E poi avremo Stefano Massini. Uno dei più importanti uomini di teatro d’Italia, uno dei più riconosciuti e celebrati all’estero negli ultimi anni. Il suo libro più recente è una rilettura dell’Interpretazione dei sogni di Sigmund Freud. Al Salone Massini metterà un intero Paese (l’Italia) sul lettino dello psicanalista, riportandoci al 1978 e al caso Moro. Qual era il libro più acquistato in Italia durante il sequestro Moro? Era il libro di uno psicanalista: Essere o avere di Erich Fromm. Partendo le mosse da questa considerazione, Massini proverà a esplorare insieme a noi l’inconscio collettivo dell’Italia in quel periodo così complicato e drammatico della nostra vita repubblicana.

Ci sarà molto spazio per i fumetti e le graphic novel. Avremo gli autori di Lucca Comics&Games, Manuele Fior che ha realizzato il manifesto di questa edizione, Alessandro Baronciani, Davide Toffolo. Un omaggio ad Andrea Pazienza a trent’anni dalla sua scomparsa. E sarà di nuovo con noi, perché sta per uscire il suo nuovo libro, Zerocalcare.
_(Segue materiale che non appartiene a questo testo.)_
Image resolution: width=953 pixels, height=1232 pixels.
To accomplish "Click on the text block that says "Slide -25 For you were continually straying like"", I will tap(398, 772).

Torneranno i librai americani indipendenti nella sezione Booksellers without Brothers, un progetto bellissimo nato al Salone l’anno scorso che è diventato poi un progetto internazionale itinerante tra Europa e Stati Uniti.
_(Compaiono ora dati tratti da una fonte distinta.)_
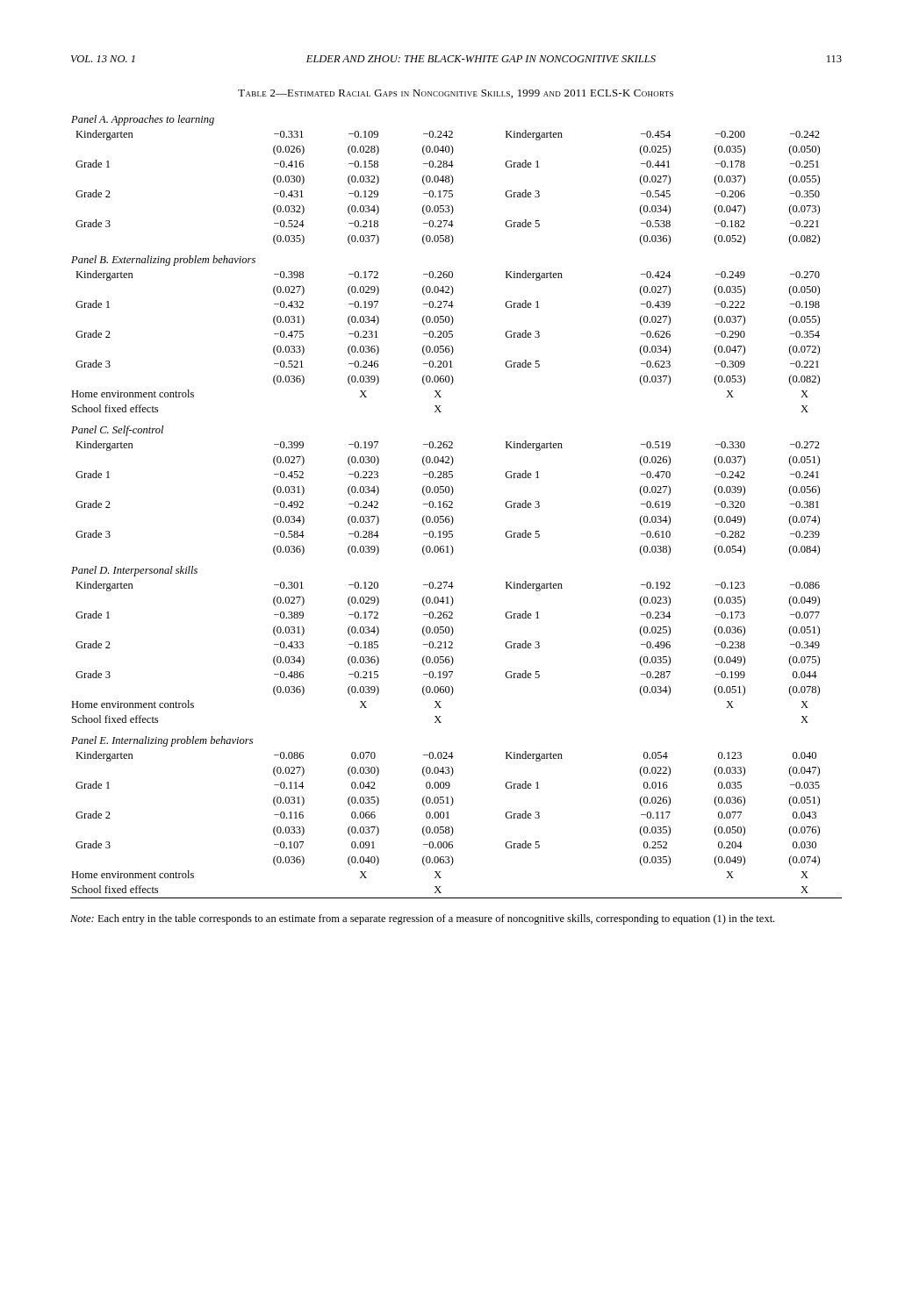This screenshot has width=912, height=1316.
Task: Click on the table containing "Panel A. Approaches to"
Action: 456,503
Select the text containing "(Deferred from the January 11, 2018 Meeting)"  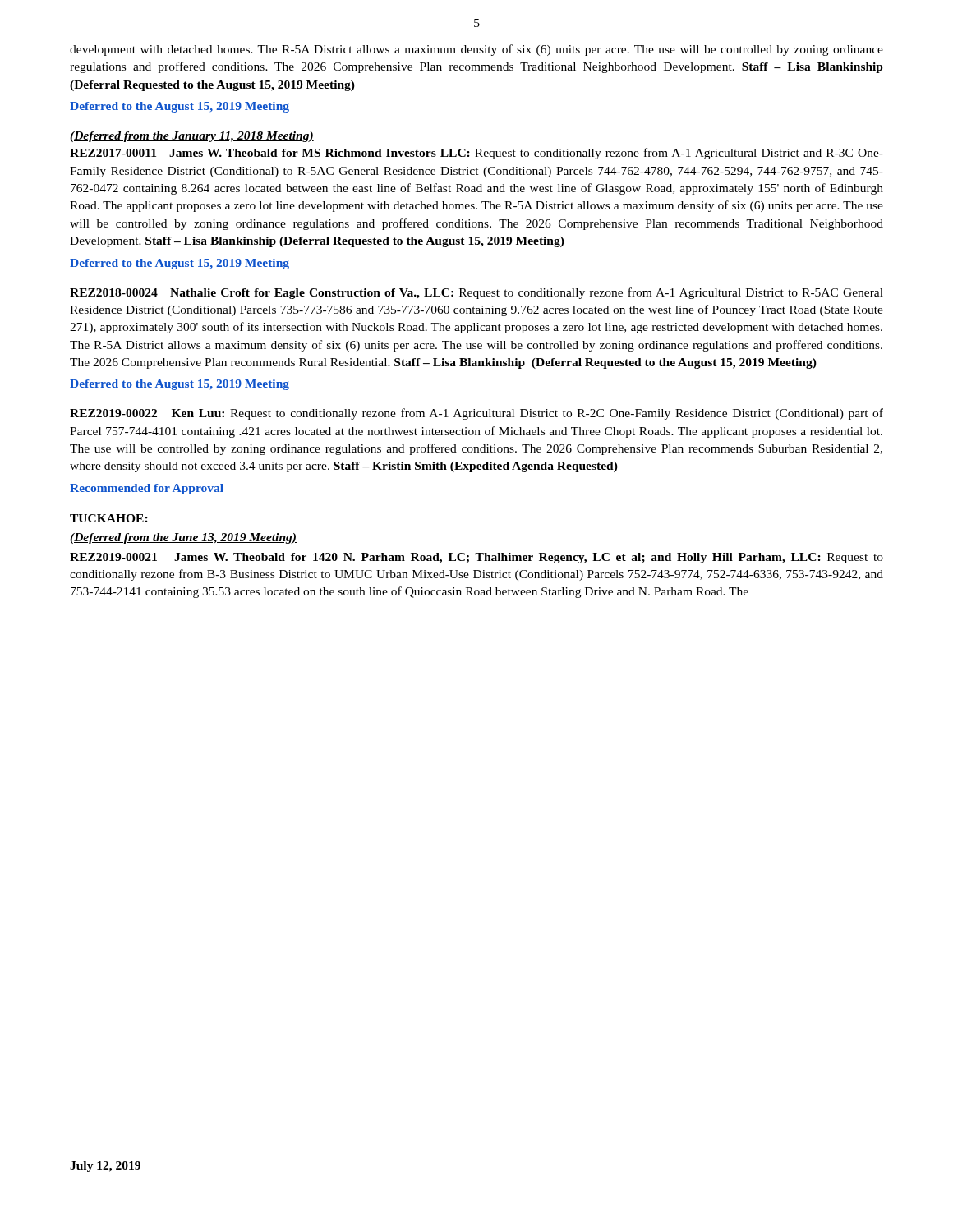click(x=192, y=135)

Ci saranno degli importanti incontri sul mondo editoriale, in cui sono determinanti gli Amici del Salone, incontri organizzati da Odei, dal Forum del Libro (che ringraziamo nella persona del suo presidente Giovanni Solimine), e poi un incontro molto importante sui dati attinenti alla vendita dei libri e alla diffusione della lettura nel nostro paese: come leggerli, come interpretarli, anche perché non di rado sono diversi a seconda delle fonti.

Anche quest’anno si conferma Music&Books, lo spazio dedicato alla musica all’editoria musicale in collaborazione con Egea Music, curato da Pierumberto Ferrero. Al suo interno si potranno trovare tutte le nuove uscite discografiche e le novità editoriali legate alla musica, con uno spazio importante dedicato ai vinili. Molti nomi della musica italiana verranno ad animare lo spazio: da Alessio Bertallot a Mario Luzzatto Fegiz, da Massimo Zamboni ai Quintorigo e così via…
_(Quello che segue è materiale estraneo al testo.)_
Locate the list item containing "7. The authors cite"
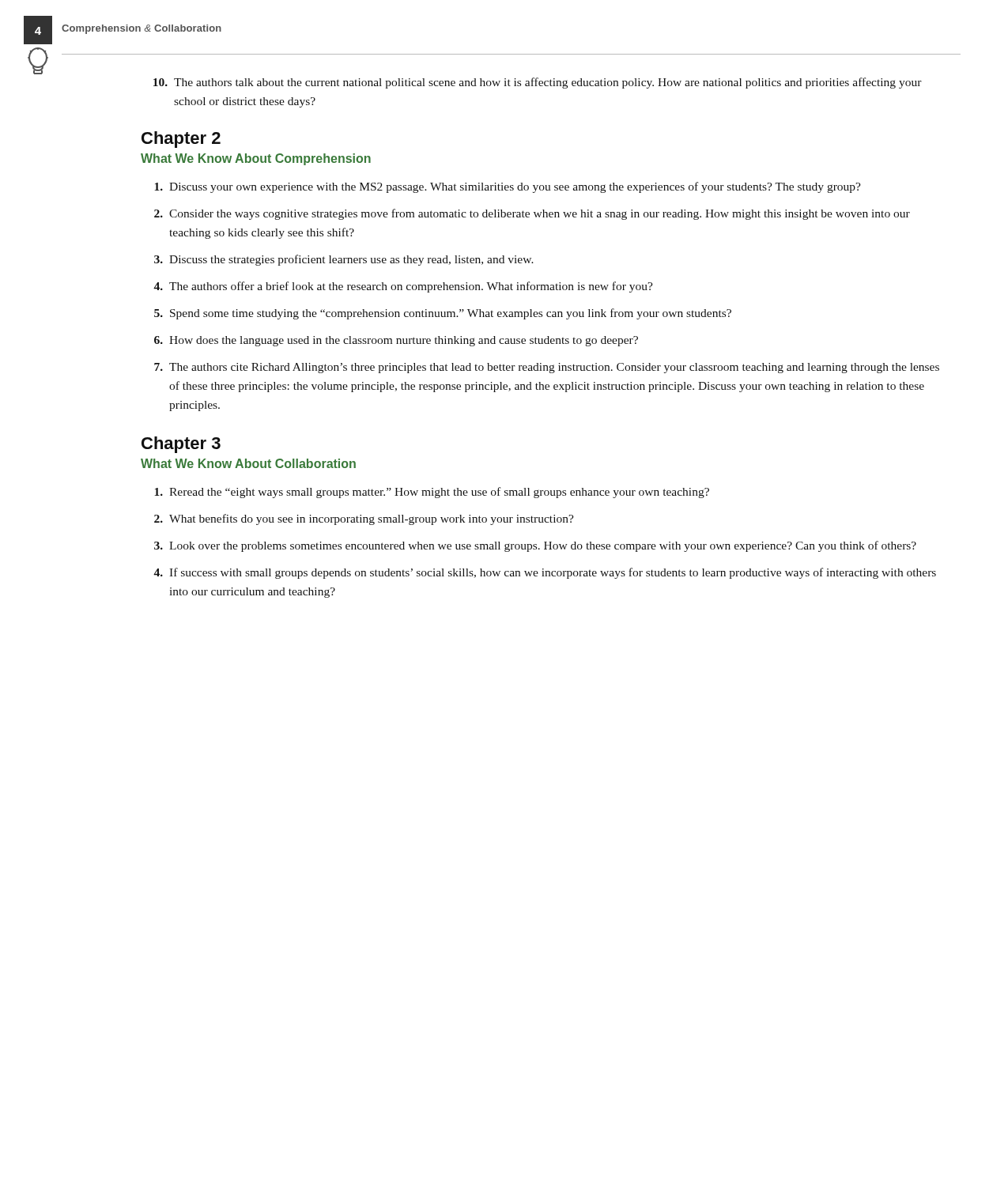543,386
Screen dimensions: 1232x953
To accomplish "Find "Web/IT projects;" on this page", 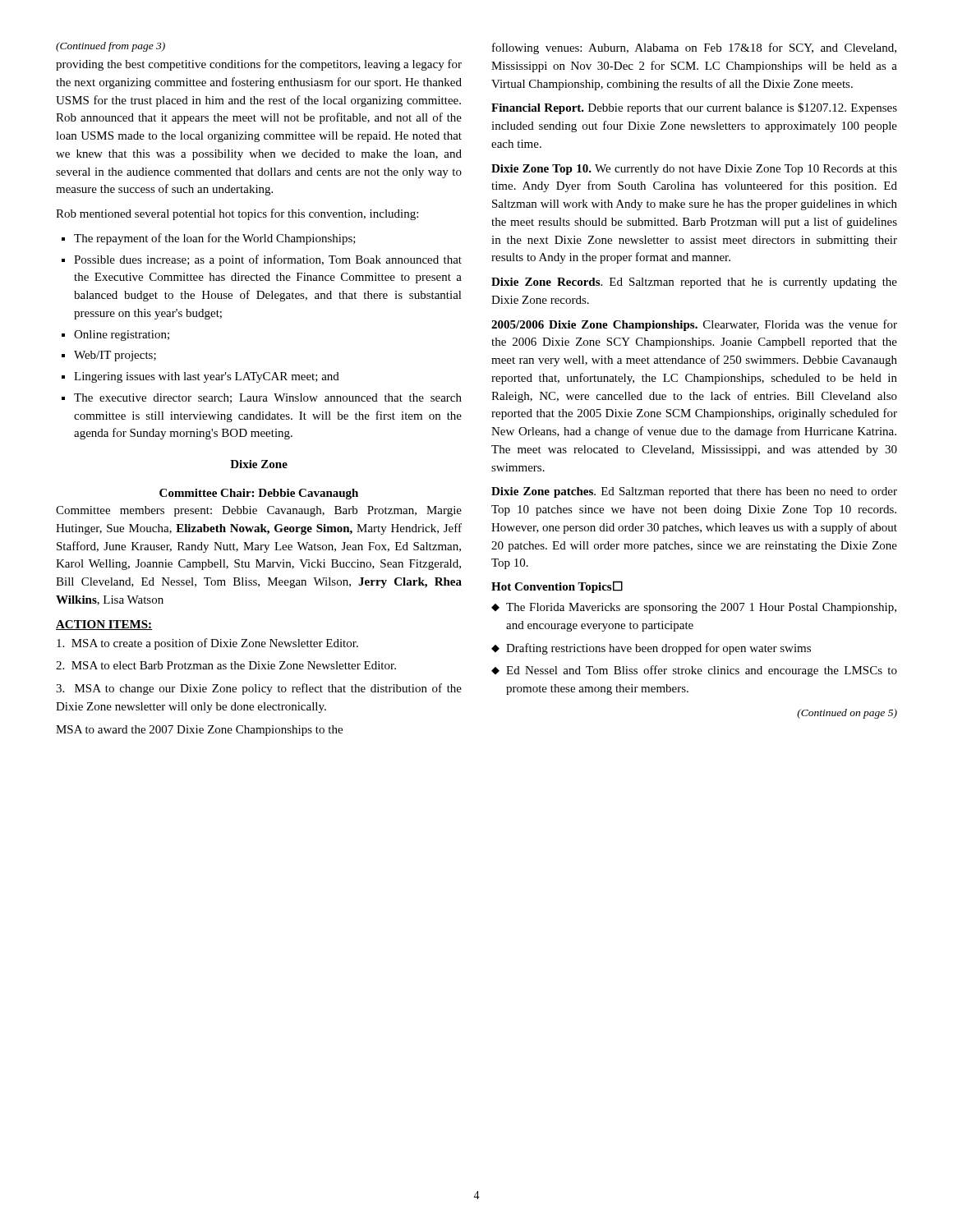I will pyautogui.click(x=115, y=356).
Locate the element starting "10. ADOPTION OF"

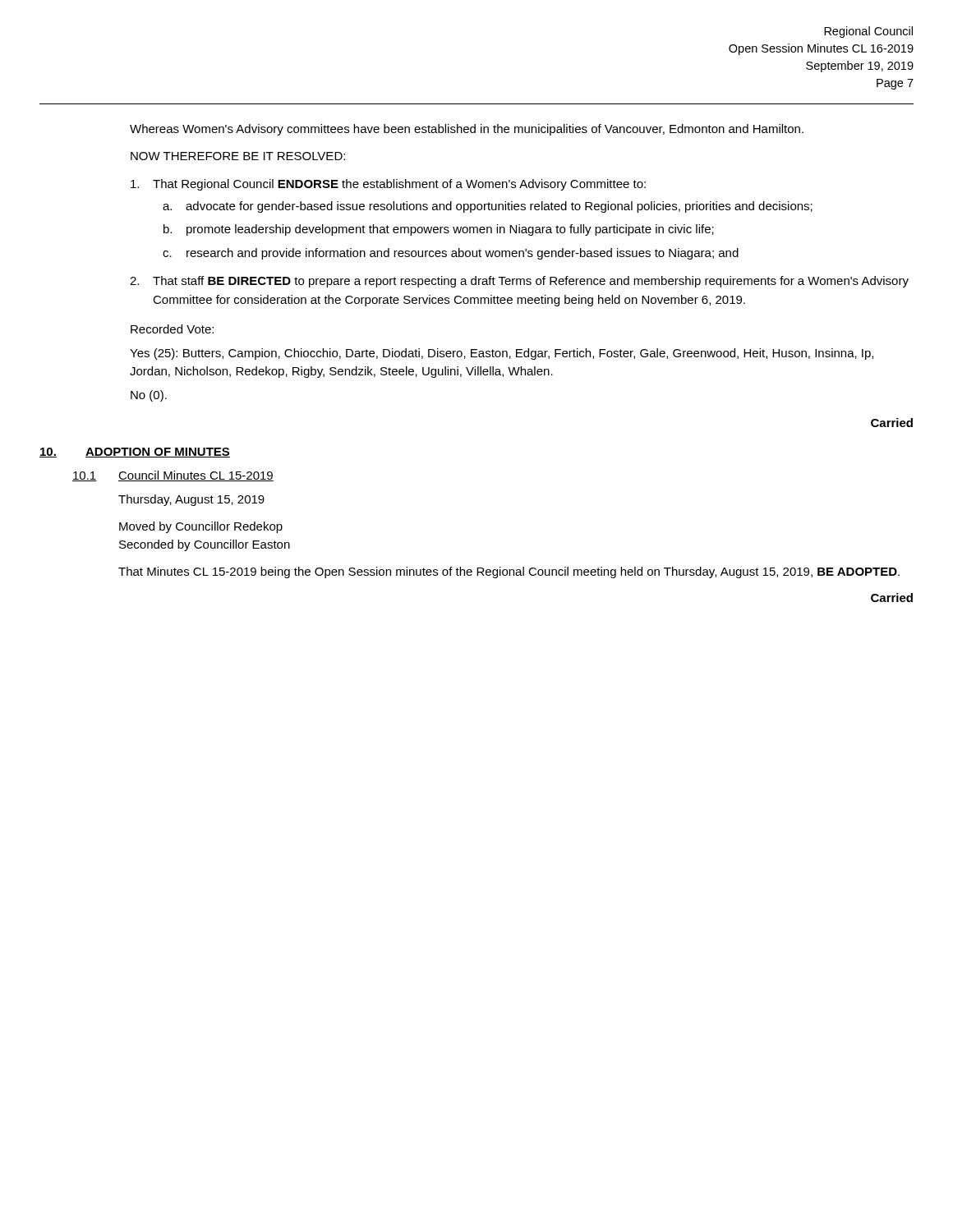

Ci sarà di nuovo la Torre di François Confino a dominare la bellissima Piazza dei Lettori, la libreria gestita dai Colti, il Consorzio dei Librai Indipendenti Torinesi, con all’interno lo spazio curato dalle Biblioteche del territorio. Ci saranno altre due librerie nel Padiglione 5: la tradizionale libreria per bambini, con libri in tutte le lingue, e la nuova stupenda libreria organizzata appositamente per gli adolescenti.

E ad accendere le sere e le notti di Torino durante il Salone ci sarà ovviamente il Salone Off.